-- Exercise objective --
From the line with "1100, 1156, 1218]" through the line with "table_cell org.zkoss.zk.ui.Component The", inclusive, return each line of the data below exactly and leave the rest out.

-- Data shown --
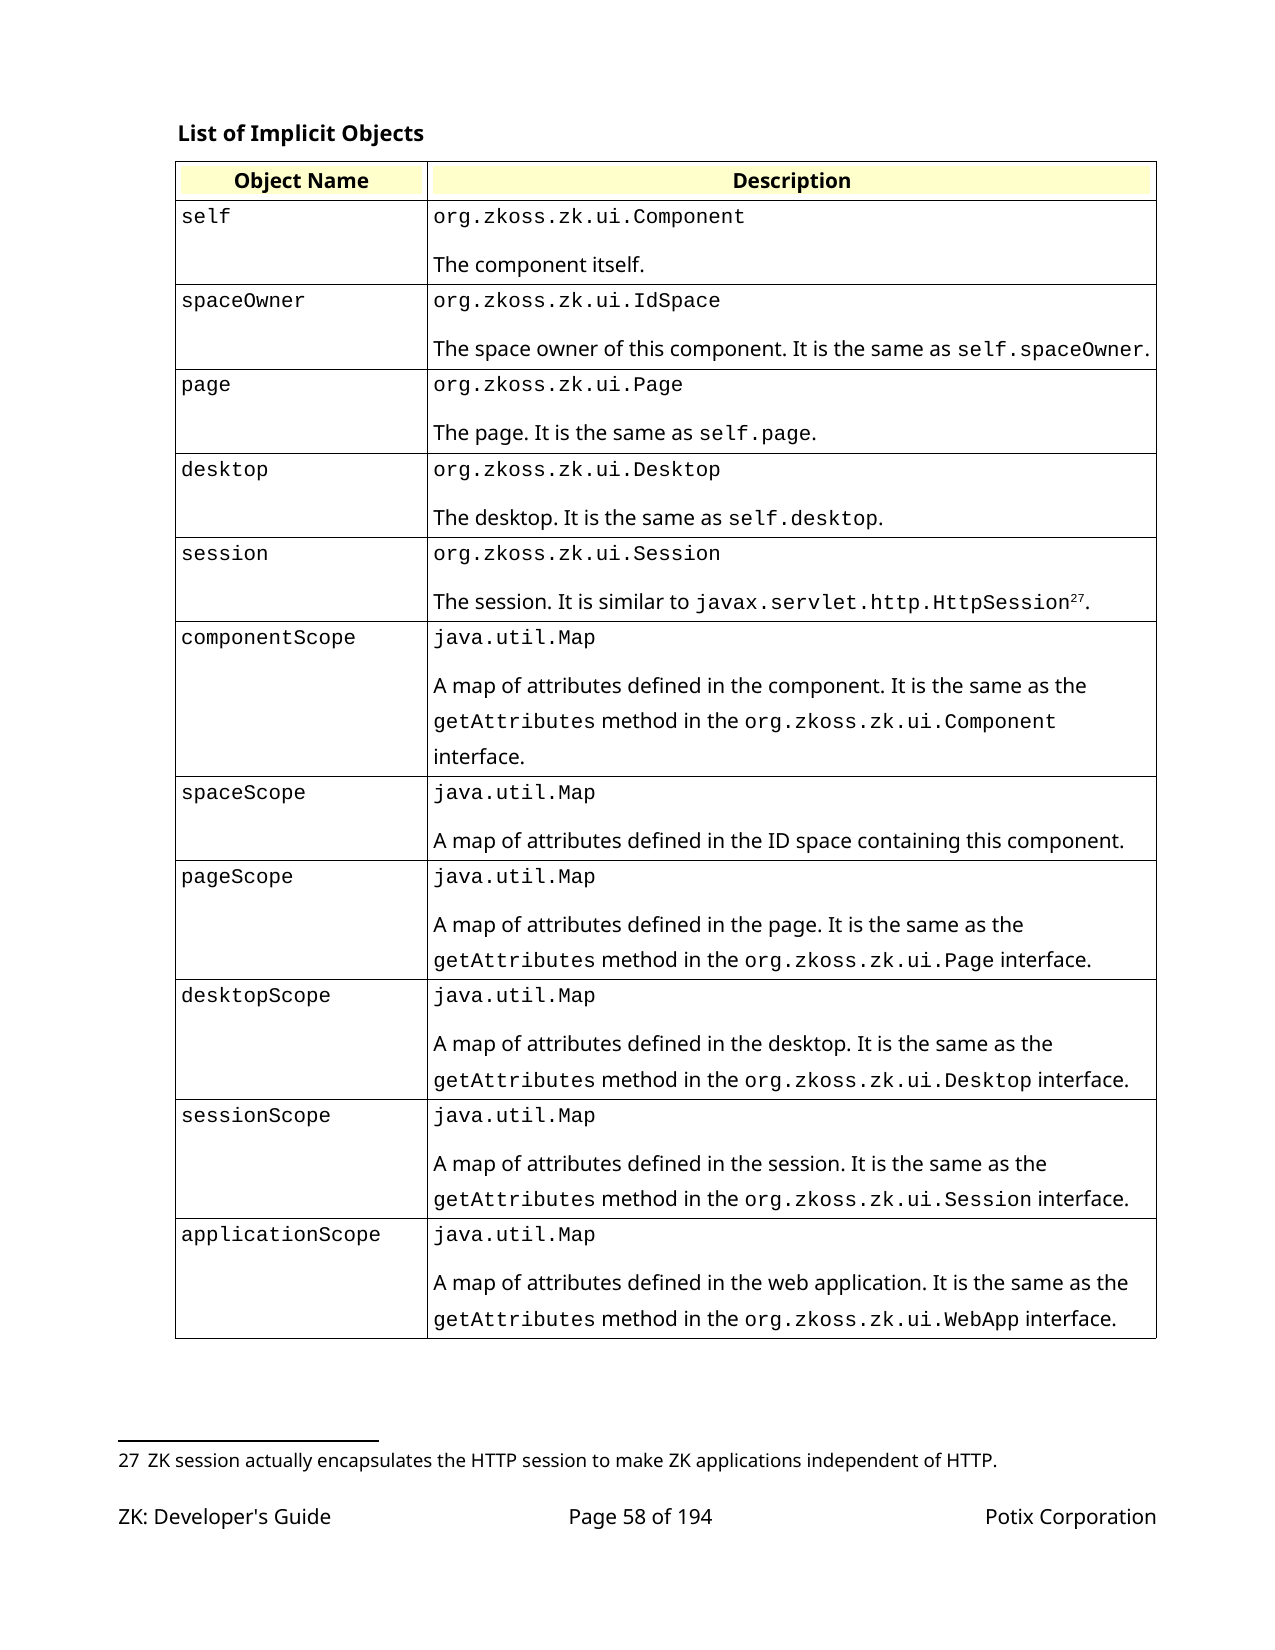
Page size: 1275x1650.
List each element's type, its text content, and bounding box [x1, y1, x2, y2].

table_header Description [428, 162, 1156, 200]
table_cell java.util.Map A map of attributes defined in the session. It is the same as the getAttributes method in the org.zkoss.zk.ui.Session interface. [428, 1100, 1156, 1218]
subtitle List of Implicit Objects [177, 118, 1157, 148]
table_cell java.util.Map A map of attributes defined in the web application. It is the same as the getAttributes method in the org.zkoss.zk.ui.WebApp interface. [428, 1219, 1156, 1338]
table_cell spaceOwner [176, 285, 427, 369]
table_cell self [176, 201, 427, 284]
table_cell java.util.Map A map of attributes defined in the component. It is the same as the getAttributes method in the org.zkoss.zk.ui.Component interface. [428, 622, 1156, 776]
table_header Object Name [176, 162, 427, 200]
table_cell session [176, 538, 427, 621]
table_cell pageScope [176, 861, 427, 979]
table_cell org.zkoss.zk.ui.Page The page. It is the same as self.page. [428, 370, 1156, 453]
table_cell sessionScope [176, 1100, 427, 1218]
table_cell java.util.Map A map of attributes defined in the page. It is the same as the getAttributes method in the org.zkoss.zk.ui.Page interface. [428, 861, 1156, 979]
table_cell applicationScope [176, 1219, 427, 1338]
table_cell java.util.Map A map of attributes defined in the desktop. It is the same as the getAttributes method in the org.zkoss.zk.ui.Desktop interface. [428, 980, 1156, 1099]
table_cell spaceScope [176, 777, 427, 860]
table_cell org.zkoss.zk.ui.Session The session. It is similar to javax.servlet.http.HttpSession. [428, 538, 1156, 621]
table_cell page [176, 370, 427, 453]
table_cell org.zkoss.zk.ui.Component The component itself. [428, 201, 1156, 284]
table_cell org.zkoss.zk.ui.Desktop The desktop. It is the same as self.desktop. [428, 454, 1156, 537]
table_cell desktopScope [176, 980, 427, 1099]
table_cell desktop [176, 454, 427, 537]
table_cell componentScope [176, 622, 427, 776]
table_cell java.util.Map A map of attributes defined in the ID space containing this component. [428, 777, 1156, 860]
table_cell org.zkoss.zk.ui.IdSpace The space owner of this component. It is the same as self.spaceOwner. [428, 285, 1156, 369]

-- Exercise answer --
table_cell java.util.Map A map of attributes defined in the session. It is the same as the getAttributes method in the org.zkoss.zk.ui.Session interface. [428, 1100, 1156, 1218]
subtitle List of Implicit Objects [177, 118, 1157, 148]
table_cell java.util.Map A map of attributes defined in the web application. It is the same as the getAttributes method in the org.zkoss.zk.ui.WebApp interface. [428, 1219, 1156, 1338]
table_cell spaceOwner [176, 285, 427, 369]
table_cell self [176, 201, 427, 284]
table_cell java.util.Map A map of attributes defined in the component. It is the same as the getAttributes method in the org.zkoss.zk.ui.Component interface. [428, 622, 1156, 776]
table_header Object Name [176, 162, 427, 200]
table_cell session [176, 538, 427, 621]
table_cell pageScope [176, 861, 427, 979]
table_cell org.zkoss.zk.ui.Page The page. It is the same as self.page. [428, 370, 1156, 453]
table_cell sessionScope [176, 1100, 427, 1218]
table_cell java.util.Map A map of attributes defined in the page. It is the same as the getAttributes method in the org.zkoss.zk.ui.Page interface. [428, 861, 1156, 979]
table_cell applicationScope [176, 1219, 427, 1338]
table_cell java.util.Map A map of attributes defined in the desktop. It is the same as the getAttributes method in the org.zkoss.zk.ui.Desktop interface. [428, 980, 1156, 1099]
table_cell spaceScope [176, 777, 427, 860]
table_cell org.zkoss.zk.ui.Session The session. It is similar to javax.servlet.http.HttpSession. [428, 538, 1156, 621]
table_cell page [176, 370, 427, 453]
table_cell org.zkoss.zk.ui.Component The component itself. [428, 201, 1156, 284]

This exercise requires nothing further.